The invention uses the wild rice BC from Xiqing early B/Dongxiang 4 F 2 Backcross recombinant selfing single plant 19H19 development 120 BC 5 F 2 The segregating population was the study population and constructed a high density genetic map containing 2059 recombinant Bin markers. BILs are grown to 1 leaf 1 heart stage, 5 days are carried out at 5 ℃ for 10h night/8 ℃ for 14h day treatment, and after 7 days of growth recovery, the survival rate of seedlings is counted. 120 parts of Xieqing early B/Dongxiang wild rice BC is utilized 5 F 2 BILs are subjected to 5-day treatment at 5 ℃ for 10h night/8 ℃ for 14h in 1-leaf 1-heart period for 5 days, and after 7 days of growth recovery, the survival rate of seedlings is counted, and the result shows that the survival rate of BILs is between 0 and 100%, and the average value is 33.7%. ICIM method adopting QTLICiMappingV4.2 software detects that 12_867129-12_11651936 located in chromosome 12 interval of rice controls novel cold-resistant main effect QTLqCTES12 in early seedling stage of rice DWR (FIG. 1). The LOD value of the QTL is 5.34, the phenotype contribution rate is 19.38%, and the synergy allele is from wild rice in Dongxiang.
Early seedling stage cold-resistant gene locus qCTES12 for performing evidence and decomposing stable expression DWR And molecular markers closely linked with the molecular markers. Wait 4 sets of BC 5 F 3 The material of the generation near isogenic line grows to 1 leaf and 1 heart period, is subjected to 5-day treatment at 5 ℃ for 10h at night/8 ℃ for 14h, and the survival rate of seedlings is counted after 7 days of growth recovery. Using one-way analysis of varianceThe method detects the phenotype variation of two homozygous genotype lines in the same near isogenic line, if the phenotype of different genotypes has significant difference (P<0.05 Estimating the additive effect and the phenotype contribution rate, and carrying out QTL effect decomposition. The analysis was performed by the general linear model (Proc GLM) of SAS software (SAS Institute inc., 1999), eventually narrowing the target QTL interval to within the interval RM5939-RM27947, physical locations 10,066,394-10,266,447 bp, physical interval approximately 195kb (see fig. 2).

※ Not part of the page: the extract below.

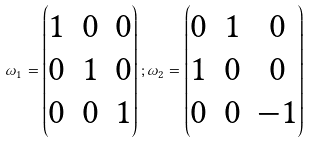Convert formula to latex. <formula><loc_0><loc_0><loc_500><loc_500>\omega _ { 1 } = \begin{pmatrix} 1 & 0 & 0 \\ 0 & 1 & 0 \\ 0 & 0 & 1 \end{pmatrix} ; \omega _ { 2 } = \begin{pmatrix} 0 & 1 & 0 \\ 1 & 0 & 0 \\ 0 & 0 & - 1 \end{pmatrix}</formula>

Meanwhile, 19H19 is utilized to backcross with Xieqing early B to develop BC 5 F 2 The colony is treated for 4 days at 8 ℃ for 14 hours in the early seedling stage (1 leaf 1 heart stage) and at 5 ℃ for 10 hours at night, and after 7 days of growth recovery, 30 strains with the live seedling rate of more than 80% and less than 20% are respectively selected to construct a cold-resistant and cold-resistant mixing pool. BSA-seq analysis was performed on 2 extreme pools and parents, resulting in a total of 215,572 Single Nucleotide Polymorphism (SNP) sites and 131,456 insertion or deletion (InDel) sites for subsequent gene mapping. At a 95% confidence level, the window of 9Mb-13 Mb for chromosome 12 was greater than the threshold by both SNP-index and InDel-index analysis, and could be used as candidate interval (FIG. 3). Based on the annotated results of ANNOVAR, 76 candidate genes for insertion or substitution of promoter regions and coding regions, and non-synonymous mutation types, were selected.
In combination with transcriptome sequencing and BSA sequencing analysis (fig. 3 and 4), early-stage cold tolerance-related candidate genes were identified within the target interval.

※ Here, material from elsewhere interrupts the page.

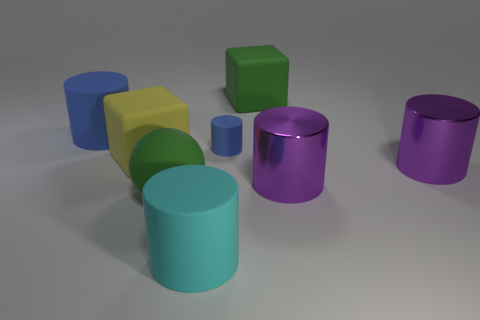Subtract all purple cylinders. How many were subtracted if there are1purple cylinders left? 1 Subtract all cyan cylinders. How many cylinders are left? 4 Subtract all tiny blue matte cylinders. How many cylinders are left? 4 Subtract all red cylinders. Subtract all cyan balls. How many cylinders are left? 5 Add 1 cubes. How many objects exist? 9 Subtract all balls. How many objects are left? 7 Add 1 big metallic cylinders. How many big metallic cylinders are left? 3 Add 5 yellow shiny cylinders. How many yellow shiny cylinders exist? 5 Subtract 0 yellow spheres. How many objects are left? 8 Subtract all small blue cylinders. Subtract all large yellow cubes. How many objects are left? 6

76 candidate genes were identified in the candidate QTL region, of which 26 gene coding regions were frameshift or nonsensical mutated, and transcriptome analysis found that 4 genes were differentially expressed under cold stress. Sequencing analysis of the 4 genes revealed that the 3 rd coding region of LOC_Os12g18729 gene of the cold tolerant parent Xeno B was deleted 42 bases from the cold tolerant parent 19H19, and the cold tolerant strain was deleted 42 bases from the cold tolerant strain as well (FIG. 4), the sequencing primer was Forward (SEQ ID No. 3): 5'-CAACTTAGTTCAGATGCTG-3'; reverse (SEQ ID No. 4): 5'-TCAAGAGATACAACACGCG-3'. According to the sequence difference, a cold-resistant linkage molecular marker CTES12 is developed, and the sequence of the cold-resistant linkage molecular marker CTES12 is Forward (SEQ ID No. 1): 5'-TTCCTTGCTTGAACTCGAGC-3'; reverse (SEQ ID No. 2): 5'-CATCTGTGTTGCTCATGAGG-3' provides a theoretical basis for rice molecular marker assisted selective breeding.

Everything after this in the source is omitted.